The worth of an alliance was powerfully proved during World War II, when a coalition defeated the Axis powers of the time—Nazi Germany, Italy, and Japan. As George Friedman explains,
The coalition . . . involved a range of nations that were prepared to subordinate their particular national interests to the broader interest of defeating the Axis powers. Military success in the war rested on the ability of the coalition to hold together. And reading backward, had this coalition existed prior to the rise of Munich, World War II likely never would have happened. Maintaining global stability required a coalition of states that shared a mutual interest in stability and would suppress, as soon as possible, nations that would want to upset that stability. (Stratfor Geopolitical Intelligence Report, October 17, 2006)
As Friedman explains, the Cold War was successfully prosecuted along the same lines: Nations banded together, agreed on the threat posed by a nuclear-armed Russia, and were prepared to act economically, politically, or militarily (short of direct confrontation) to keep the common enemy contained.
These two successes, however, have spawned the thinking that an alliance or coalition is always the solution, even when members disagree on the actual problem. Witness, for example, the frequent charge against President Bush of acting "unilaterally" (i.e., as a single entity) on Iraq, despite mustering a thirty-nation "coalition of the willing." Clearly, the real objection is not his acting alone, but that he did not wait for approval from other parties who had a stake in the matter—and he acted simply because he knew that other stakeholders (France and Germany, most notably) did not consider Iraq to be as threatening as America did. However, the international community continues to call for "multilateralism" and "coalition-building" as the solutions, despite not agreeing on the scope of the problem.
Predictably, similar national self-interest played out in the "six-party talks"— North Korea, South Korea, Japan, Russia, China, and the United States—that completely failed to rein in North Korea. Since the Clinton presidency, the multilateral approach has been applied to North Korea, but most of the coalition, supposedly against a nuclear North Korea, does not believe Kim Jong Il is enough of a threat to do anything.
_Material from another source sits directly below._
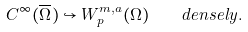<formula> <loc_0><loc_0><loc_500><loc_500>C ^ { \infty } ( { \overline { \Omega } } ) \hookrightarrow W _ { p } ^ { m , a } ( \Omega ) \quad d e n s e l y .</formula>

South Korea wants neither war with nor destabilization of North Korea. Japan has major domestic and social issues with projecting its military power, and though open to sanctions, it is happy to keep trading with North Korea. "Russia," Friedman notes, "is about as worried about the prospect of a North Korean nuclear strike on its territory as the United States is about a French strike. The two countries may not like each other, but it isn't going to happen." Yet, both Russia and China desire to keep the U.S. geopolitically off balance, valuing this more than a non-nuclear North Korea. The multilateral approach has failed because those involved could not agree with the U.S. that North Korea is a threat.
Significantly, the same multilateral approach is being employed with Iran in particular and militant Islam in general. The international community—whether the EU, the UN, Russia, China, or a combination of all—is convinced that alliances guarantee stability. But so far, each major player, aside from the U.S., has a vested interest (read: oil and weapons trade) in the status quo of a stable Iran and an off-balance U.S. To them, militant Islam is not threatening enough to be worth countering. Like in the run-up to World War II, most nations are unwilling to make the sacrifices necessary to contain emerging and escalating threats.
Whoever remains after the next crisis will have the clarity of hindsight to realize, "This could have been prevented—if they could have agreed on the threat." For these reasons and others, God wisely warned ancient Israel against putting their trust in alliances and covenants with other peoples (Psalm 118:8-9; 146:3; Isaiah 30:1-3; Jeremiah 46:25). If only the modern nations of Israel would heed His counsel!